São Paulo (AUN - USP) -O Supremo Tribunal Federal está usando as súmulas vinculantes como um meio de legislar. A afirmação é do professor Alexandre de Moraes, doutor em Direito Constitucional pela Faculdade de Direito da USP. Moraes foi um dos palestrantes do Seminário Internacional de Direito Constitucional que ocorreu recentemente na Faculdade do Largo São Francisco.
Em sua apresentação, o professor abordou a evolução da Jurisdição Constitucional no Brasil, apontando como principal mudança a forma do controle de Constitucionalidade, que passou a ser exercido de forma cada vez mais concentrada pelo STF, e do qual as súmulas são o passo mais recente.
O Controle de Constitucionalidade significa observar se uma lei ou decisão judicial atende ao que a Constituição ordena. Desde a primeira Constituição Republicana, em 1891, ele era feito de forma mais difusa, por todos os órgãos do Judiciário. No entanto, esse instrumento jurídico, que veio importado da constituição norte-americana, nunca teve muita eficácia em nosso país porque, entre outros aspectos, a parcela da população que tem acesso ao judiciário sempre foi muito baixa. “Poucos são aqueles que historicamente tiveram a efetividade dos seus direitos constitucionais (assegurada)”.
Segundo Moraes, a Constituição de 88 optou por um controle mais centrado da Constituição, oferecendo inclusive mais formas de se chegar ao STF, órgão responsabilizado por fazer esse controle. Como conseqüência, em pouco tempo quase tudo passou a ser assunto do Judiciário. Várias questões nacionais de grande repercussão começaram a passar pelo Supremo, desde medidas provisórias e planos econômicos e até o aborto de anencéfalos.
Súmulas genéricas
As súmulas vinculantes são o último capítulo desse processo de centralização. Para o professor, no entanto, o fato do STF poder emitir súmulas com base na interpretação da Constituição abre caminho para que os ministros façam papel de legisladores.

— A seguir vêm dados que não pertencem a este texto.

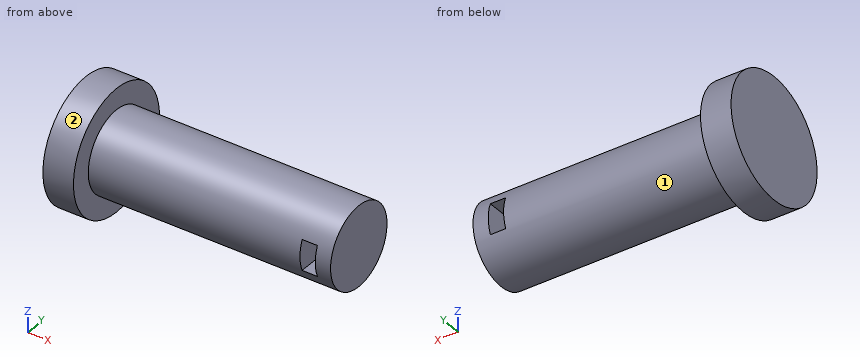
from build123d import *

# Parameters (mm, degrees)
SKETCH1_R               = 26.25
BOSS_EXTRUDE1_DEPTH     = 158.5
SKETCH2_R               = 40
BOSS_EXTRUDE2_DEPTH     = 20
CUT_EXTRUDE1_DEPTH      = 169.29215668
CUT_EXTRUDE1_DEPTH_BACK = 169.29215668
SKETCH3_W               = 10
SKETCH3_H               = 20


with BuildPart() as part:
    # Sketch1 → Boss-Extrude1 (new body)
    with BuildSketch(Plane(origin=(0, 0, 0), x_dir=(0, 0, -1), z_dir=(1, 0, 0))):
        Circle(SKETCH1_R)
    extrude(amount=BOSS_EXTRUDE1_DEPTH)

    # Sketch2 → Boss-Extrude2 (add)
    with BuildSketch(Plane.ZY):
        Circle(SKETCH2_R)
    extrude(amount=BOSS_EXTRUDE2_DEPTH)

    # Sketch3 → Cut-Extrude1 (cut, two sides: drawn at the far end of the back side and taken through both)
    with BuildSketch(Plane(origin=(0, 0, 0), x_dir=(1, 0, 0), z_dir=(0, 1, 0)).offset(-CUT_EXTRUDE1_DEPTH_BACK)):
        with Locations((143.5, 0)):
            Rectangle(SKETCH3_W, SKETCH3_H)
    extrude(amount=CUT_EXTRUDE1_DEPTH + CUT_EXTRUDE1_DEPTH_BACK, mode=Mode.SUBTRACT)


solid = part.part
Geometry: final body of the model. Coordinates: model frame, mm. Face numbers are marked on the shaded views. A direction names the side the tool comes from. Give positions to 0.01 mm unless a question says otherwise; leave off trailing zeros. Loops run counter-clockwise (first coordinate to the right, second up) from the corner with the lowest first, then second, coordinate; pieces in that order, holes last. Notation, with made-up numbers: (-10, 77) - (2, 77) arc R20 cw to (2, 108) - close; hole circle Ø1 at (-8.75, -21.75). An arc over 180 degrees is marked (long way). One line per question, with ' | ' between items. Start each with the question number.
(1) Contact query for flat-ended pins moving along their axis: pin 1 (6 mm diameter, centred on y = -26, z = 21, fed in from +X); pin 2 (10 mm diameter, centred on x = 2.5, z = 10, fed in from +Y); pin 3 (1 mm diameter, centred on x = 88, z = -7.5, fed in from -Y). Output: stop coordinate, or through.
(2) Section query D-D on z = -19.5. Return loops of the section in (x, y), then the cut area to 3 significant figures.
(3) Reachability of the marked faces 1 and 2 from +Z, -Z, +X, -X, +Y, -Y: full face, straight path, thin tool, end or side. Return the list, or none.
(4) Section query C-C on x = 142. Return loops of the section in (y, z), then the cut area to 3 significant figures.
(5) Section query B-B on y = 0. Return loops of the section in (x, z).
(6) Ray query, line 1 (X direction, y = -6, z = -3); line 2 (Z direction, x = 143.5, y = -23); line 3 (X direction, y = 25.5, z = 17). Return the intervals inside material, ascending. Write a range as from..to.
(7) Section query A-A on z = 0. Return loops of the section in (x, y).
The answers:
1) pin 1: x = 0 | pin 2: y = 39.6 | pin 3: y = -25.3
2) outline: (-20, -34.92) - (0, -34.92) - (0, -17.57) - (158.5, -17.57) - (158.5, 17.57) - (0, 17.57) - (0, 34.92) - (-20, 34.92) - close | area: 6,970 mm2
3) face 1: +X | face 2: +X, -X
4) outline: (-24.27, -10) arc R26.25 ccw to (24.27, -10) - close; (-24.27, 10) - (24.27, 10) arc R26.25 ccw to start | area: 1,140 mm2
5) outline: (-20, -40) - (0, -40) - (0, -26.25) - (158.5, -26.25) - (158.5, 26.25) - (0, 26.25) - (0, 40) - (-20, 40) - close; hole (138.5, -10) - (148.5, -10) - (148.5, 10) - (138.5, 10) - close
6) line 1: -20..138.5, 148.5..158.5 | line 2: -12.65..-10, 10..12.65 | line 3: -20..0
7) outline: (-20, -40) - (0, -40) - (0, -26.25) - (138.5, -26.25) - (138.5, 26.25) - (0, 26.25) - (0, 40) - (-20, 40) - close; (148.5, -26.25) - (158.5, -26.25) - (158.5, 26.25) - (148.5, 26.25) - close

Isso porque a criação de uma súmula deveria significar que inúmeros casos parecidos já foram amplamente discutidos e tiveram o mesmo julgamento. Mas esse pequeno detalhe (baseamento na interpretação) está permitindo que a mais alta corte do país emita súmulas muito genéricas, que não abarcam somente os casos precedentes já julgados, mas também aqueles em que houve pouca ou nenhuma discussão.

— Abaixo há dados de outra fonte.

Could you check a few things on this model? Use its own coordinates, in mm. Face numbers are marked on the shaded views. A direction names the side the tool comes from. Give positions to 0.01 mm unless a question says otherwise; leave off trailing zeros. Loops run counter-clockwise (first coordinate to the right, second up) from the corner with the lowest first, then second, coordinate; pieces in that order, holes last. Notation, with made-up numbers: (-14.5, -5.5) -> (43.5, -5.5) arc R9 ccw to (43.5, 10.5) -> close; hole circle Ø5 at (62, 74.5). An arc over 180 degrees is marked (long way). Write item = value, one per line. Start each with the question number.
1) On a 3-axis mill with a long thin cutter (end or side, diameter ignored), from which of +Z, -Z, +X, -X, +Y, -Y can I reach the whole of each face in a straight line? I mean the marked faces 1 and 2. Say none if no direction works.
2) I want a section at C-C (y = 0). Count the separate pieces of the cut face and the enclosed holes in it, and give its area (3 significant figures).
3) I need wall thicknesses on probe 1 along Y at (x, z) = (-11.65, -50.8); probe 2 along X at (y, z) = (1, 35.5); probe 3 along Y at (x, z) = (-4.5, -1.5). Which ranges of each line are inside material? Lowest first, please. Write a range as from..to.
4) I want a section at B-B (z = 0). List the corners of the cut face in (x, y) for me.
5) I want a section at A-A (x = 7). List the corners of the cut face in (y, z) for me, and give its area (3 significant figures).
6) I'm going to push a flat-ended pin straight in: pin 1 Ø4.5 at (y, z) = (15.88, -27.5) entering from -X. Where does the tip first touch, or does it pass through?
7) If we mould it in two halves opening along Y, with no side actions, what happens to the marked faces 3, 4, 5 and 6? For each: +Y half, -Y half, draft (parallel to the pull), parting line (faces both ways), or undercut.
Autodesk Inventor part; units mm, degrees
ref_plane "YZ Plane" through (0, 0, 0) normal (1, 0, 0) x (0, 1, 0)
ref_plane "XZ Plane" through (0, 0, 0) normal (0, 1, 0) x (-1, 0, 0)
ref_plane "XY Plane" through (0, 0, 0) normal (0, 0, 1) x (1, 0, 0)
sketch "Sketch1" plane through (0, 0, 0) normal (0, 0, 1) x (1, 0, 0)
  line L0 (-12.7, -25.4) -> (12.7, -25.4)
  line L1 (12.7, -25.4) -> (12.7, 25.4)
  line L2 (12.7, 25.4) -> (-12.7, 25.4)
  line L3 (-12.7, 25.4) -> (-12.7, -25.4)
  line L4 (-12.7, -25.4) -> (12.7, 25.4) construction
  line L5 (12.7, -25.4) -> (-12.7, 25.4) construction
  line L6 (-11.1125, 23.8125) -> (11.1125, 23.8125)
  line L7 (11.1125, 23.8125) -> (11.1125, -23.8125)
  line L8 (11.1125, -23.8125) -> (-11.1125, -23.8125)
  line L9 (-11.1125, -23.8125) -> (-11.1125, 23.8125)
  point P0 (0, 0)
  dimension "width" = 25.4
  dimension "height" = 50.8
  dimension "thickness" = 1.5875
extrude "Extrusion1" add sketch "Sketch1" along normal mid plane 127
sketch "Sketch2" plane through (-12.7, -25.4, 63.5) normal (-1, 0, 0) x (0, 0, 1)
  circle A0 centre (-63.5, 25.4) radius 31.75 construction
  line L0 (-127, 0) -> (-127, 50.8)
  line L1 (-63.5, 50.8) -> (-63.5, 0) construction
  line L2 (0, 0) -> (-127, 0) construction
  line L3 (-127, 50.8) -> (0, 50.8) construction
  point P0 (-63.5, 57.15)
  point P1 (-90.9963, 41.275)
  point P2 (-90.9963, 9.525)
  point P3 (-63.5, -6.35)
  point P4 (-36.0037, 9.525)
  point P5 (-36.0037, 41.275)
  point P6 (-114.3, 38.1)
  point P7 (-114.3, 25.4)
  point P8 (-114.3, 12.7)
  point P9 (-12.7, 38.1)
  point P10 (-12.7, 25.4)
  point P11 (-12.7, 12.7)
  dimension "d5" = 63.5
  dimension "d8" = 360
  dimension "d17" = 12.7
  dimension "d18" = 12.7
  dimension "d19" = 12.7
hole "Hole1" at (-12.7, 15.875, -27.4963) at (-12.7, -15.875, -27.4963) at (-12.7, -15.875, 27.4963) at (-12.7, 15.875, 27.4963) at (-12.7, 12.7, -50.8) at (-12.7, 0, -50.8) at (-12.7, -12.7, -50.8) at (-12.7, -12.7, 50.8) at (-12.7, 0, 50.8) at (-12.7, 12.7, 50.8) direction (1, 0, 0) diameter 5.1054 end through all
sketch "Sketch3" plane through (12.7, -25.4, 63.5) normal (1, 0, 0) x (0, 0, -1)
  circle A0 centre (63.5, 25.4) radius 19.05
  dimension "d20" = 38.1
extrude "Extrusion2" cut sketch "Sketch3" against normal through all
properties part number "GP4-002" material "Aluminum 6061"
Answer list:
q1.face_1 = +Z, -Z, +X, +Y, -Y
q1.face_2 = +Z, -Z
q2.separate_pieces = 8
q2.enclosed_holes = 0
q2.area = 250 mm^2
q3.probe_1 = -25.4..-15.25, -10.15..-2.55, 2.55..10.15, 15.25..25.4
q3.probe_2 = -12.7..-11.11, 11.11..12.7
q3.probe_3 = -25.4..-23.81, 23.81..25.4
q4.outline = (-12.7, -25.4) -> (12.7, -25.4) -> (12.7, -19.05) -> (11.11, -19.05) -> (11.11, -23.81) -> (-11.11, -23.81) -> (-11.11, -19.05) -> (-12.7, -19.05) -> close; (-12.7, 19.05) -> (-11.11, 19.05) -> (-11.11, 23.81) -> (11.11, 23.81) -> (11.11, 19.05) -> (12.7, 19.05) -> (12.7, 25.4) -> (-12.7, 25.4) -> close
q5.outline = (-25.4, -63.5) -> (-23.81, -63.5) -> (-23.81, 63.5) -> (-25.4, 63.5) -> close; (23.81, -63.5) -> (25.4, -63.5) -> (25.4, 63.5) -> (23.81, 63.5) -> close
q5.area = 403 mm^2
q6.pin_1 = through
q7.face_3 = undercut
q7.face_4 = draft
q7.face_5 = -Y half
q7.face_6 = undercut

Ele dá como exemplo dois casos muito divulgados na mídia: a súmula das algemas e a do nepotismo. No caso da súmula das algemas, o Supremo considerou somente três antecedentes para emitir uma súmula extremamente genérica. Moraes ainda chama atenção para o fato de que e o texto é praticamente idêntico ao da alteração do código de processo penal atual, prova de que o STF já estaria legislando de fato.
Com a súmula que cuida do nepotismo, a situação é semelhante. Só que, ao emitir uma súmula muito genérica, o STF permitiu que os senadores achassem brechas no texto que os dispensavam de demitir seus parentes em casos específicos. O problema, “Mas, para especificar a súmula, seria preciso criar outra súmula”.
O professor Moraes diz que o próximo passo da Jurisdição Constitucional será arranjar métodos de limitar ou racionalizar a edição das súmulas. Isso porque, além de dar possibilidade de o Judiciário fazer o que não é seu papel, elas são muito difíceis de anular. “Para declarar inconstitucional uma lei aprovada pelo congresso, são necessários seis dos 11 votos dos ministros do STF. Agora, para suprimir uma súmula que foi editada pelo próprio Supremo, são necessários oito votos em 11, um número altíssimo e que torna a anulação quase impossível”.